AIM OF THE EXERCISE => Copy each line of the records that contains the word "instrument".

Stored data
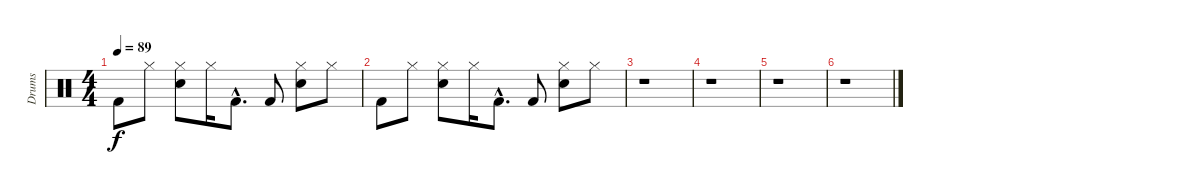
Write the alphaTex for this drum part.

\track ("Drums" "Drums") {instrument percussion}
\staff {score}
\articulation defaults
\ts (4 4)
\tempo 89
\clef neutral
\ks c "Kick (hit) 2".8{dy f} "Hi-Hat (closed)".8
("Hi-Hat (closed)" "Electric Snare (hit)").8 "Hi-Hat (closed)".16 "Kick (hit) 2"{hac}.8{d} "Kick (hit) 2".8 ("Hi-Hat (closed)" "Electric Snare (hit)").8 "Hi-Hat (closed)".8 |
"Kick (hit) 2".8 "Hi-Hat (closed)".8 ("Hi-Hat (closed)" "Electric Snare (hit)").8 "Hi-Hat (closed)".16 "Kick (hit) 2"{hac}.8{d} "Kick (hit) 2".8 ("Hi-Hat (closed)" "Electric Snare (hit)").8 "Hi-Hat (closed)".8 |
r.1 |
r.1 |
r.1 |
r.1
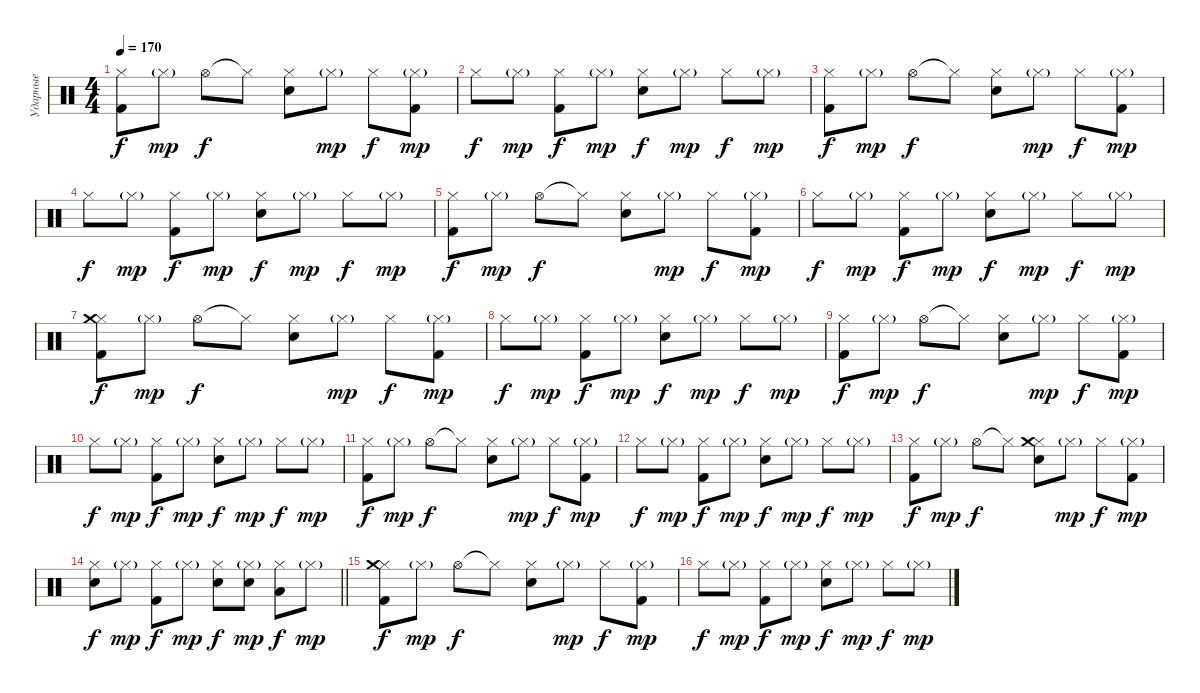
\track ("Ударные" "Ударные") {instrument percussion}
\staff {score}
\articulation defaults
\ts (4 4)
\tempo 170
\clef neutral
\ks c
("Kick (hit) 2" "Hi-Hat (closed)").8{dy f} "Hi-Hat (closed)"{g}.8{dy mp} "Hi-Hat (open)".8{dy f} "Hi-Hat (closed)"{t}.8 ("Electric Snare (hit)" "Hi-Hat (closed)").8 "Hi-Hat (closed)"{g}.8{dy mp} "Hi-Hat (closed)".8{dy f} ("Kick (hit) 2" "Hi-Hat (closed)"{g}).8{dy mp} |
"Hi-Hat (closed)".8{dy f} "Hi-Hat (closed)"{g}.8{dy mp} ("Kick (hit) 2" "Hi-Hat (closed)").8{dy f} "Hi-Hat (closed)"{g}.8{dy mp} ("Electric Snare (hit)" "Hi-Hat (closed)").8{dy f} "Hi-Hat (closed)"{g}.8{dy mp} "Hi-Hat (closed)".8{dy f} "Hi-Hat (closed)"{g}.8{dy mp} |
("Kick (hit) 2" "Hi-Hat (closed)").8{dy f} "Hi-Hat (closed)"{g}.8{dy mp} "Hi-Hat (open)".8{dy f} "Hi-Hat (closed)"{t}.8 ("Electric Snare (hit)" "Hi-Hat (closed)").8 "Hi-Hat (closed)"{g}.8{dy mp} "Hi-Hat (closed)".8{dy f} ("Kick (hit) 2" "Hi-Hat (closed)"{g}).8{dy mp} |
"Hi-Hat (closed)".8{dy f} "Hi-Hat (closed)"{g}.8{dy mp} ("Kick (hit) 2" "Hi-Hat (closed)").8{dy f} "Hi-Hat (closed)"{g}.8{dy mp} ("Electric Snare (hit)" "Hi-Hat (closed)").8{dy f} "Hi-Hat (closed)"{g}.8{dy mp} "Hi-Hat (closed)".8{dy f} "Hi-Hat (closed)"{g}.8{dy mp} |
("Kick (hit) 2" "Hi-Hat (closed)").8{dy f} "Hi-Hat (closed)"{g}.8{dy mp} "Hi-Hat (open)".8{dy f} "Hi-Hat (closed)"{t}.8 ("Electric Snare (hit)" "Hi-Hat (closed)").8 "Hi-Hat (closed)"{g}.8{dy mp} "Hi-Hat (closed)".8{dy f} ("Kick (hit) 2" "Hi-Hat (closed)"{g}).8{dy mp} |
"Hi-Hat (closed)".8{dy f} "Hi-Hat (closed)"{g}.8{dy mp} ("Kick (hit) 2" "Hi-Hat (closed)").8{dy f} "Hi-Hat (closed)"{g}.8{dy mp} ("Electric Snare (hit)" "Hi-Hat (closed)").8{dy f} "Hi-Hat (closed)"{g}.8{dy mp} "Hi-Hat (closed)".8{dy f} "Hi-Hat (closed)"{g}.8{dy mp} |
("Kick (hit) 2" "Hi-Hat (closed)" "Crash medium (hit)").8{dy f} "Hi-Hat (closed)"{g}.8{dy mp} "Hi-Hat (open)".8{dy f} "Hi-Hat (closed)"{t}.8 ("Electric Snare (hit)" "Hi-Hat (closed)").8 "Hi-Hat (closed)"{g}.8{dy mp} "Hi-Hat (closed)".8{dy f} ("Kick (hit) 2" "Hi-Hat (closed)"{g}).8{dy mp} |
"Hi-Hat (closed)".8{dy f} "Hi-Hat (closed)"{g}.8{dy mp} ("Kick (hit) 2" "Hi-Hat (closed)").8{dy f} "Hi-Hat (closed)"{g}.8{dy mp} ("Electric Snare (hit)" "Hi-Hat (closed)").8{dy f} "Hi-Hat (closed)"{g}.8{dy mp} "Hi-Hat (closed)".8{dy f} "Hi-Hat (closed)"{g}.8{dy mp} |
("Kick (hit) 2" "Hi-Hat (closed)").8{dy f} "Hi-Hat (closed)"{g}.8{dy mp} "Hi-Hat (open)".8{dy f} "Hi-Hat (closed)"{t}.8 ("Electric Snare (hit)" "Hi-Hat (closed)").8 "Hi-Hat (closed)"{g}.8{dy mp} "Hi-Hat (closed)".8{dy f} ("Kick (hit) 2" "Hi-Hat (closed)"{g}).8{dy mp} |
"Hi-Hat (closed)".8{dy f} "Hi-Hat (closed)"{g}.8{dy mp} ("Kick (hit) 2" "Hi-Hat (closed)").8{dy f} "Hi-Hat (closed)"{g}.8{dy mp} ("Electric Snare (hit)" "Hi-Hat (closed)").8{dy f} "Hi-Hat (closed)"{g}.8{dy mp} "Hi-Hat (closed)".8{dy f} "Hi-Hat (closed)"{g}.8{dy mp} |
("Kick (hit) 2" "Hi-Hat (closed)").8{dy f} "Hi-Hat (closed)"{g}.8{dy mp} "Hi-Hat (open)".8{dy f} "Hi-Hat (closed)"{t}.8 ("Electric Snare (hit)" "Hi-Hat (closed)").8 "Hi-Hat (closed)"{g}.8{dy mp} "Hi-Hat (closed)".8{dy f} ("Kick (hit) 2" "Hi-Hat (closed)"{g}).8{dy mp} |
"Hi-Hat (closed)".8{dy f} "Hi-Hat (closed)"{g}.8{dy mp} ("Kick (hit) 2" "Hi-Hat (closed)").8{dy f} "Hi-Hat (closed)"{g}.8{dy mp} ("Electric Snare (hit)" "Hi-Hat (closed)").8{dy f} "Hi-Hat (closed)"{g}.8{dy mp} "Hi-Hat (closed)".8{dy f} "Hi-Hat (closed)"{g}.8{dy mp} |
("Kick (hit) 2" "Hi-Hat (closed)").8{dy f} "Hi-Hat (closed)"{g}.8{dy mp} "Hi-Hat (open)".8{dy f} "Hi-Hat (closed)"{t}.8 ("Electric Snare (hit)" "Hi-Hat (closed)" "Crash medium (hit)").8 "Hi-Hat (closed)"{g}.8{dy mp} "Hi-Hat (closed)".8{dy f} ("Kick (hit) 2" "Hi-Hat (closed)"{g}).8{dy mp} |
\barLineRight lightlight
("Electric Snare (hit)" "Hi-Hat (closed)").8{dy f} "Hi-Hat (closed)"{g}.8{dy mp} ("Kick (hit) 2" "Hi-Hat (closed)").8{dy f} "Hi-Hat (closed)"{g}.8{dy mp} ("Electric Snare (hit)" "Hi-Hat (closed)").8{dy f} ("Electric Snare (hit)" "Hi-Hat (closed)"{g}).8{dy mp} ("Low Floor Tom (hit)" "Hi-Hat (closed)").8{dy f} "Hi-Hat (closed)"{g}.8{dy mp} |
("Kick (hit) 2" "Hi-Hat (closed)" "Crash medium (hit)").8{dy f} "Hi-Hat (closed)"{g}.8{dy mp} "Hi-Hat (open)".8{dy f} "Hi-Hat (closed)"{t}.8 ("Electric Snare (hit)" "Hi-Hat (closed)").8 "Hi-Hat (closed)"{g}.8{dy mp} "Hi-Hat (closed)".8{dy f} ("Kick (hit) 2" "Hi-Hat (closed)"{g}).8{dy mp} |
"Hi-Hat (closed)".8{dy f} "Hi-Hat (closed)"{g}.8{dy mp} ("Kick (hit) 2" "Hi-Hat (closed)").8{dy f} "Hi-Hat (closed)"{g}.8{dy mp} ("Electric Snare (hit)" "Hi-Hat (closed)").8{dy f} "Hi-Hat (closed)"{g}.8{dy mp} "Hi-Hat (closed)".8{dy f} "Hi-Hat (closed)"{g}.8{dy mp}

FINISHED EXERCISE =>
\track ("Drums" "Drums") {instrument percussion}
\track ("Ударные" "Ударные") {instrument percussion}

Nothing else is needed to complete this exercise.